Compute the gradient with respect to the attack prompt
Evaluate at the top B candidate words for each location
Choose the word with the lowest actual loss and replace it
Repeat.

Considering the top B tokens means that you have to consider the token that are in the direction of the gradient and you enumerate all of them, trying yo swap those. Greedy method, but looks a lot like "gradient-descent-looking thing" doing it for 1000 times.
This techniques also break production model. This works by generating adversarial examples on Vicuna and copy&pasting. But why? It is called transferability which is a phenomenon where an adversarial example that works on model A tends to also work on model B, even if the datasets and sizes are different.

Poisoning

What if an adversary could control the dataset to cause harm? Well, this is actually hard, is it? As Nicholas argues, a realistic adversary would almost need a time machine. But consider how actually data sets are distributed. Take LAION, for example, which is a dataset containing 5 billion images. Instead of storing the images themselves, they maintain a list of URLs, meaning the actual dataset is distributed through URL pointers. Here's the weak spot.

"The dataset was (probably) not malicious when it was collected, but who's to say the data is still not malicious?"

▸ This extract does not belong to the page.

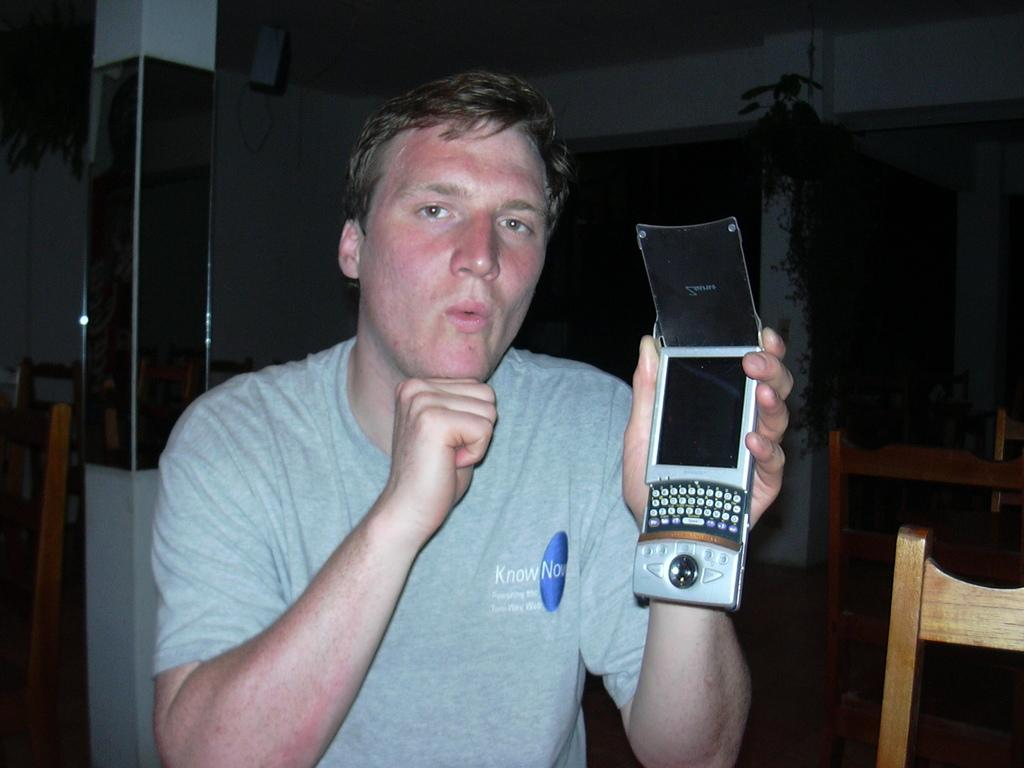What is the person in the image doing? The person is sitting on a chair in the image. What object is the person holding in their hands? The person is holding a mobile phone in their hands. Can you describe the background of the image? There are chairs and a pillar in the background of the image. How many dolls are sitting on the donkey in the image? There are no dolls or donkeys present in the image.

This observation is true; the actual problem is that domain names expire and anyone can buy them. You only need to mess with about 0.01% of the dataset to cause some serious harm. The paper shows this attack is feasible, describing this attack is really neat and you should check it out.

Model Stealing

A language model, mathematically, is a $f (x) = A \cdot h (x)$ . Specifically, $x$ is the input text, $h (x)$ represents the entire transformer (except the final layer) and $A$ is the final embedding projection layer.
It turns out that you can steal the last layer, which goes from the hidden state of the model to the output tokens.
The input dimension for the transformer $h (x)$ is ~1 (which means a single numerical input) and the output dimension is ~8000, that means how many hidden dimension the model has internally, the number comes from the Llama model. The $A$ matrix is the final output projection matrix, a matrix which goes from the hidden state to the token state, which means that input dimension is ~8000 and the output dimension is ~100000. The attack objective is try to learn the matrix $A$ .
If I query the model on a random input x, given $f (x_{0})$ , the output should be a 100000 dimensional vector (I get a single logit for every single possible token). If I repeat this a bunch of times, consider N times, and then report the value from $f (x_{o})$ to $f (x_{n})$ into a matrix I should get a matrix that has N rows and roughly 100000 columns.

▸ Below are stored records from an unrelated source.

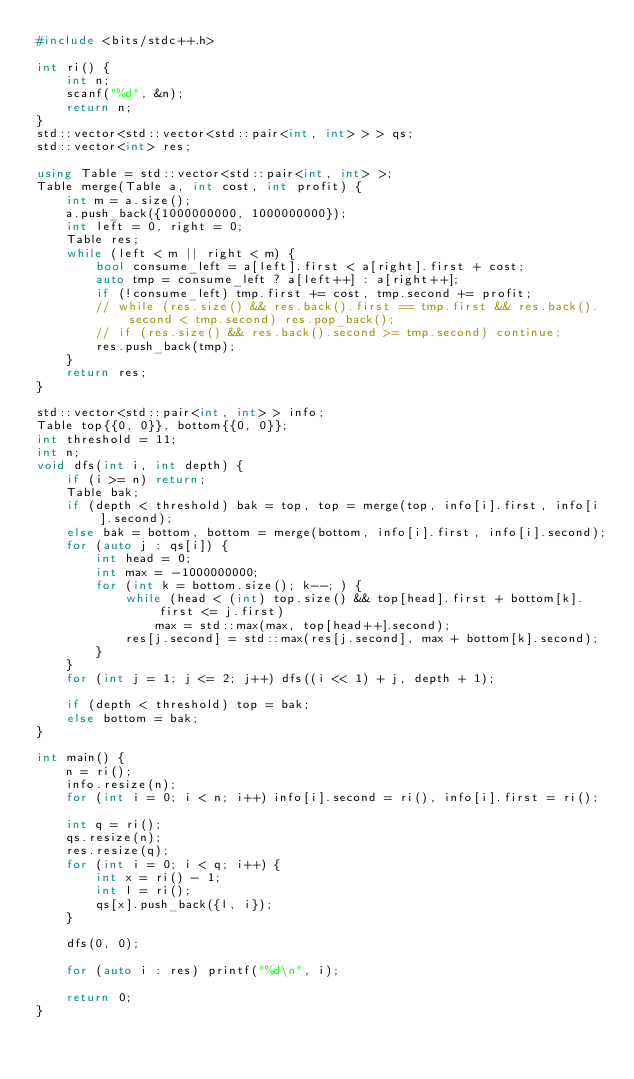Convert code to text. <code><loc_0><loc_0><loc_500><loc_500><_C++_>#include <bits/stdc++.h>

int ri() {
	int n;
	scanf("%d", &n);
	return n;
}
std::vector<std::vector<std::pair<int, int> > > qs;
std::vector<int> res;

using Table = std::vector<std::pair<int, int> >;
Table merge(Table a, int cost, int profit) {
	int m = a.size();
	a.push_back({1000000000, 1000000000});
	int left = 0, right = 0;
	Table res;
	while (left < m || right < m) {
		bool consume_left = a[left].first < a[right].first + cost;
		auto tmp = consume_left ? a[left++] : a[right++];
		if (!consume_left) tmp.first += cost, tmp.second += profit;
		// while (res.size() && res.back().first == tmp.first && res.back().second < tmp.second) res.pop_back();
		// if (res.size() && res.back().second >= tmp.second) continue;
		res.push_back(tmp);
	}
	return res;
}

std::vector<std::pair<int, int> > info;
Table top{{0, 0}}, bottom{{0, 0}};
int threshold = 11;
int n;
void dfs(int i, int depth) {
	if (i >= n) return;
	Table bak;
	if (depth < threshold) bak = top, top = merge(top, info[i].first, info[i].second);
	else bak = bottom, bottom = merge(bottom, info[i].first, info[i].second);
	for (auto j : qs[i]) {
		int head = 0;
		int max = -1000000000;
		for (int k = bottom.size(); k--; ) {
			while (head < (int) top.size() && top[head].first + bottom[k].first <= j.first)
				max = std::max(max, top[head++].second);
			res[j.second] = std::max(res[j.second], max + bottom[k].second);
		}
	}
	for (int j = 1; j <= 2; j++) dfs((i << 1) + j, depth + 1);
	
	if (depth < threshold) top = bak;
	else bottom = bak;
}

int main() {
	n = ri();
	info.resize(n);
	for (int i = 0; i < n; i++) info[i].second = ri(), info[i].first = ri();
	
	int q = ri();
	qs.resize(n);
	res.resize(q);
	for (int i = 0; i < q; i++) {
		int x = ri() - 1;
		int l = ri();
		qs[x].push_back({l, i});
	}
	
	dfs(0, 0);
	
	for (auto i : res) printf("%d\n", i);
	
	return 0;
}
</code>

To carry out this attack you have to:

Query the model with random inputs $x_{0}$ to $x_{n}$ (where $n$ is large, e.g., 8192 for LLaMA 65B)
Collect outputs $f (x_{0})$ to $f (x_{n})$ , each a 100000-dimensional vector
Create a matrix $Y = [y_{0}, y_{1}, . . ., y_{n}]$ where each $y_{i} = f (x_{i})$ Analyze the linear independence of rows in $Y$

The matrix $A$ is a $t \times h$ -dimensional matrix, where:

$t$ is the number of tokens (output dimension)
$h$ is the hidden dimension (input dimension) Typically, $h ≪ t$

"How many linearly independent rows does this matrix has?" the slide asks, to understand this passage is great to know a bit of linear algebra.

The hidden dimension is smaller than the number of tokens, often by quite a bit.

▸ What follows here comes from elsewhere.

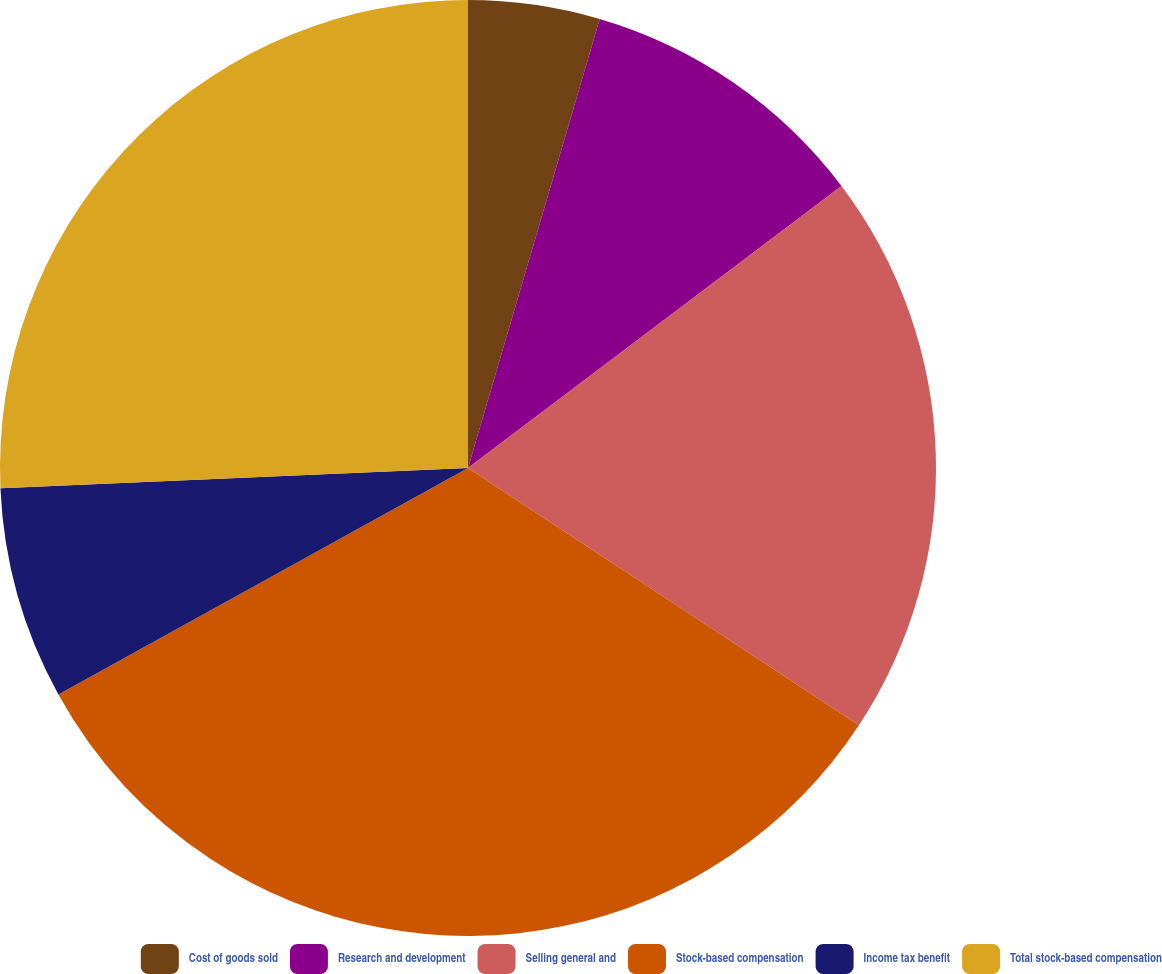Convert chart. <chart><loc_0><loc_0><loc_500><loc_500><pie_chart><fcel>Cost of goods sold<fcel>Research and development<fcel>Selling general and<fcel>Stock-based compensation<fcel>Income tax benefit<fcel>Total stock-based compensation<nl><fcel>4.54%<fcel>10.17%<fcel>19.56%<fcel>32.7%<fcel>7.35%<fcel>25.69%<nl></chart>

This means that while token logits appear to live in a $t$ -dimensional space, they actually reside in an $h$ -dimensional subspace. So, your objective is to extract hidden dimension. To do this you compute full logit vectors $y_{i}$ for random inputs $p_{i}$ , form the matrix $Y = [y_{0}, y_{1}, . . ., y_{n}]$ , with $n > h$ and then perform Singular Value Decomposition (SVD) on $Y$ .

Because the embeddings live in a $h$ -dimensional subspace we should expect exactly $h$ non-zero singular values of $Y$ . In practice, of course, we get some noise. So we can’t just count the number of nonzero singular values, but rather the number of “big enough” ones (i.e., ones that aren’t close to 0).

For reference, Stealing Part of Production Model is the name of the incredible paper and they made also a technical blog from which this explanation is derived.